▶ **What needs to be done**
Reproduce the entire listing exactly as written, apart from its pictures.

***** Data to use

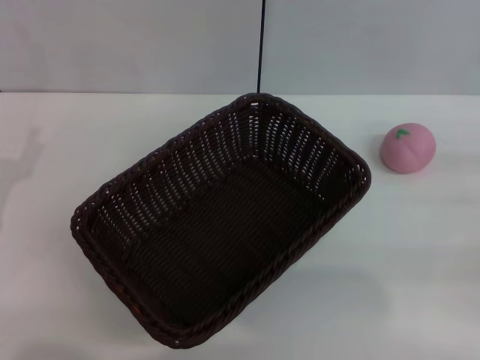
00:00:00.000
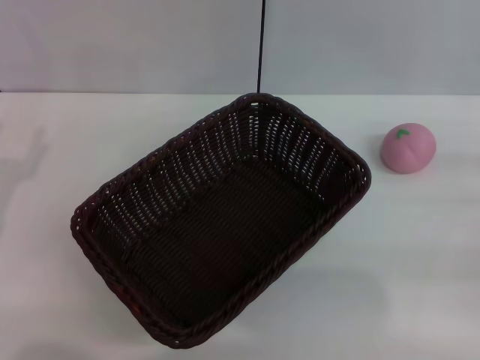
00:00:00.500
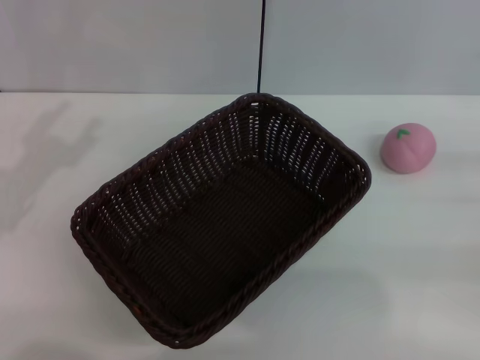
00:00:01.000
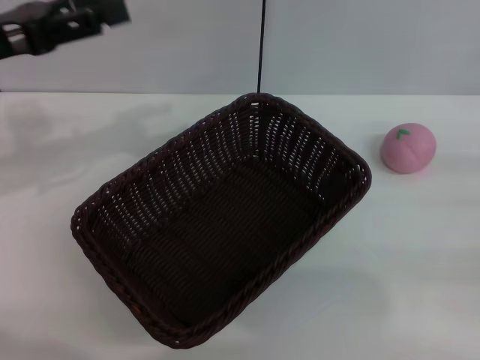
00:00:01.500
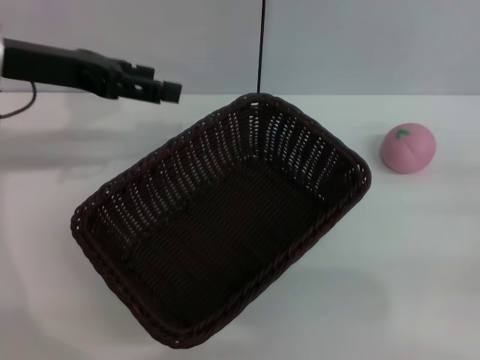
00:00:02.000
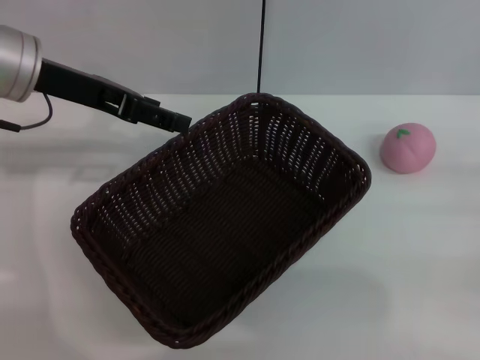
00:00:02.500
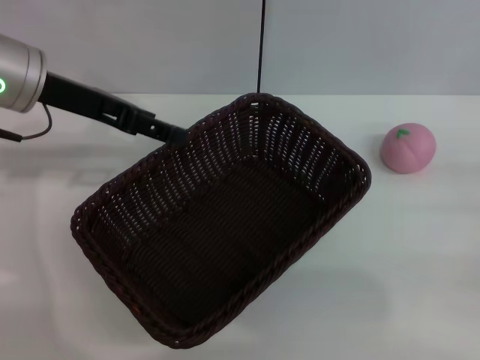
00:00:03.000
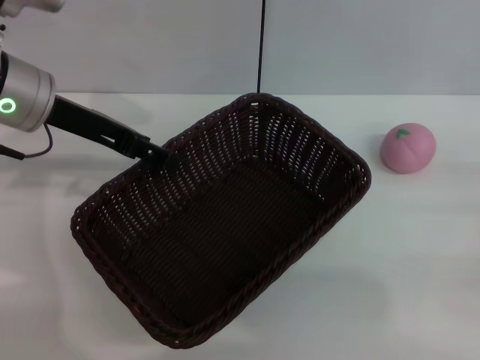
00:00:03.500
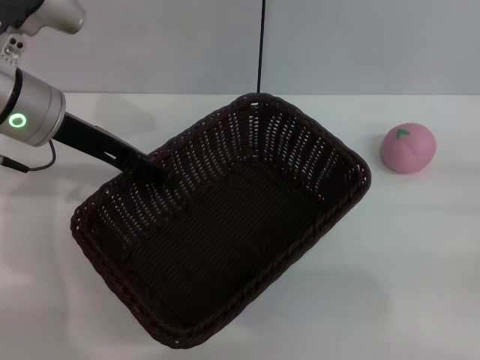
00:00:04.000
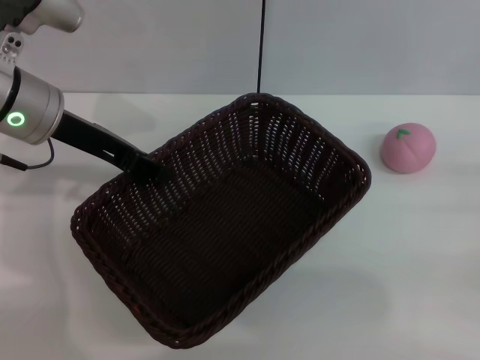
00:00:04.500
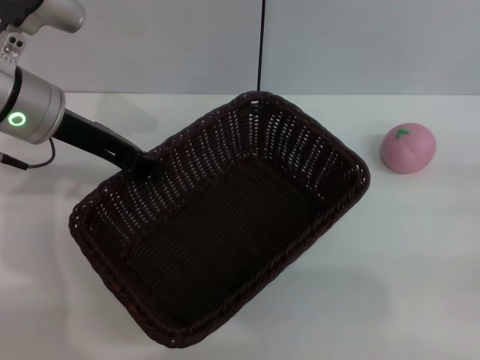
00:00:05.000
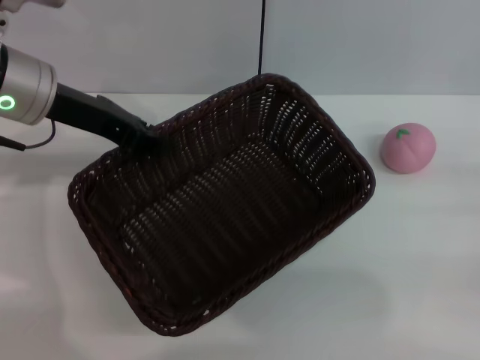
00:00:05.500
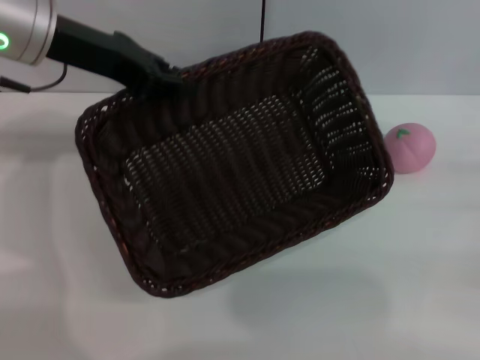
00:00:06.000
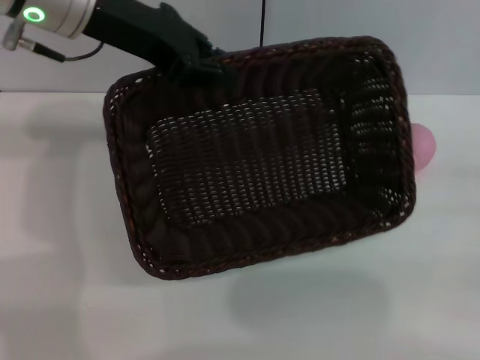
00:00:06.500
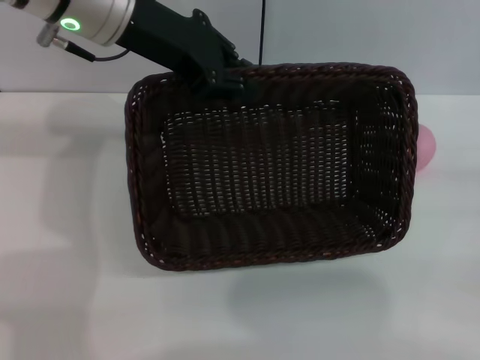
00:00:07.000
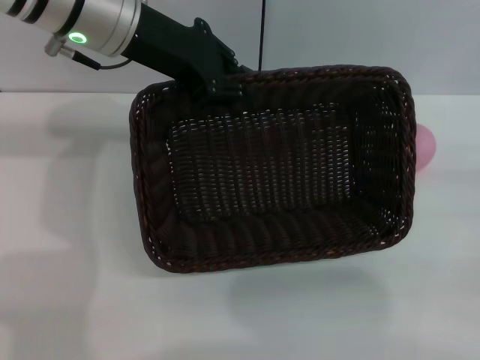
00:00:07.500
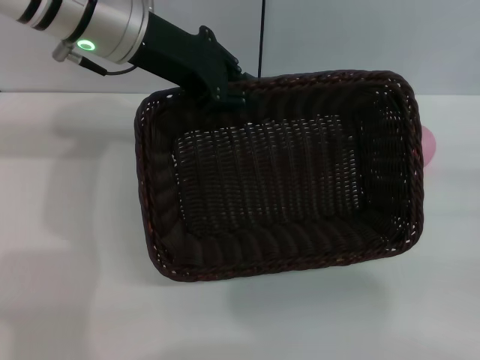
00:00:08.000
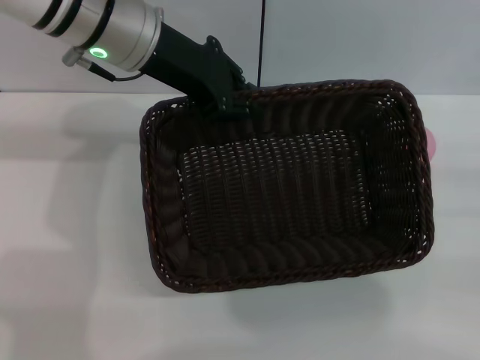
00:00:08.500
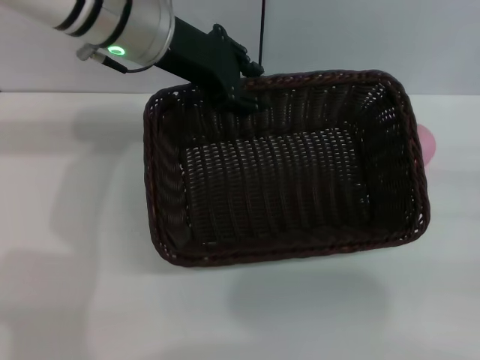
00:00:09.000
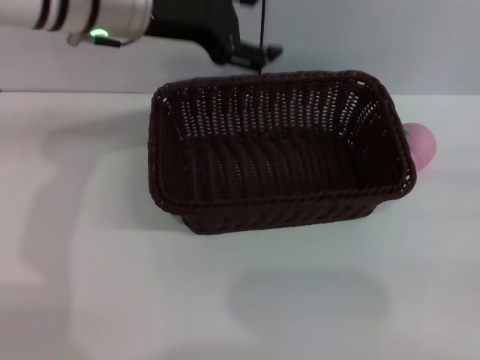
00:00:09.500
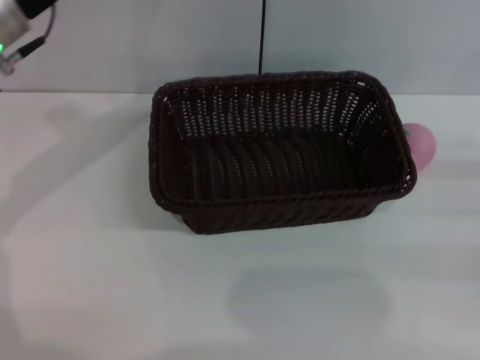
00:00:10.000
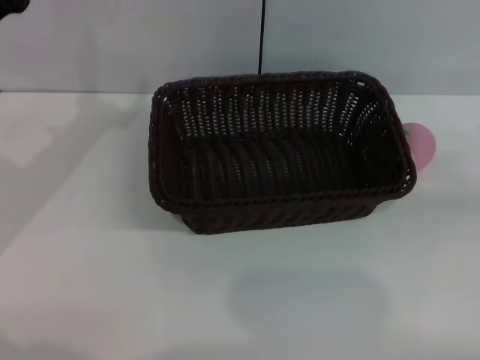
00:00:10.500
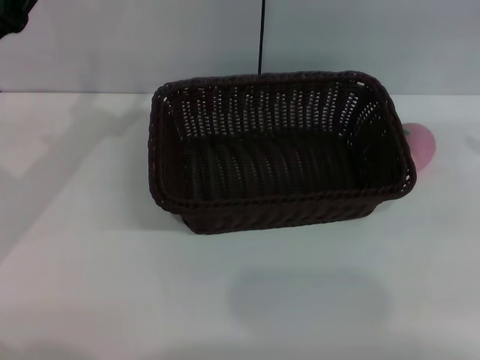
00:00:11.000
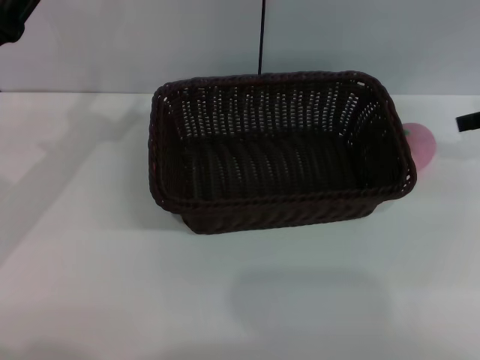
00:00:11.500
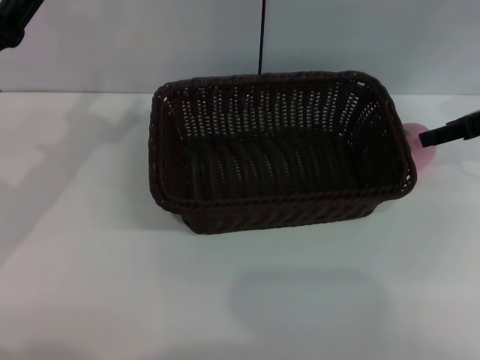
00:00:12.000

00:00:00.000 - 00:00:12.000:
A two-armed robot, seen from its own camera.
Step, 00:00:00.000 - 00:00:05.000: Pick up the dark basket with the left gripper.
Step, 00:00:05.500 - 00:00:09.000: Place the dark basket in the center of view with the right gripper.
00:00:00.000 - 00:00:02.000: The left gripper moves forward, upward and to the right, some 20 cm, and opens.
00:00:02.000 - 00:00:04.000: The left gripper moves some 5 cm.
00:00:04.000 - 00:00:06.000: The left gripper goes about 5 cm upward, and closes up.
00:00:06.000 - 00:00:08.000: The left gripper moves to the right, some 5 cm.
00:00:08.000 - 00:00:10.000: The left gripper goes some 10 cm to the left, and opens up.
00:00:10.000 - 00:00:12.000: The left gripper heads downward, backward and to the left, covering approximately 10 cm; the right gripper moves forward, upward and to the left, about 20 cm.

**********

▶ **Exercise answer**
00:00:00.000
00:00:00.500
00:00:01.000
00:00:01.500
00:00:02.000
00:00:02.500
00:00:03.000
00:00:03.500
00:00:04.000
00:00:04.500
00:00:05.000
00:00:05.500
00:00:06.000
00:00:06.500
00:00:07.000
00:00:07.500
00:00:08.000
00:00:08.500
00:00:09.000
00:00:09.500
00:00:10.000
00:00:10.500
00:00:11.000
00:00:11.500
00:00:12.000

00:00:00.000 - 00:00:12.000:
A two-armed robot, seen from its own camera.
Step, 00:00:00.000 - 00:00:05.000: Pick up the dark basket with the left gripper.
Step, 00:00:05.500 - 00:00:09.000: Place the dark basket in the center of view with the right gripper.
00:00:00.000 - 00:00:02.000: The left gripper moves forward, upward and to the right, some 20 cm, and opens.
00:00:02.000 - 00:00:04.000: The left gripper moves some 5 cm.
00:00:04.000 - 00:00:06.000: The left gripper goes about 5 cm upward, and closes up.
00:00:06.000 - 00:00:08.000: The left gripper moves to the right, some 5 cm.
00:00:08.000 - 00:00:10.000: The left gripper goes some 10 cm to the left, and opens up.
00:00:10.000 - 00:00:12.000: The left gripper heads downward, backward and to the left, covering approximately 10 cm; the right gripper moves forward, upward and to the left, about 20 cm.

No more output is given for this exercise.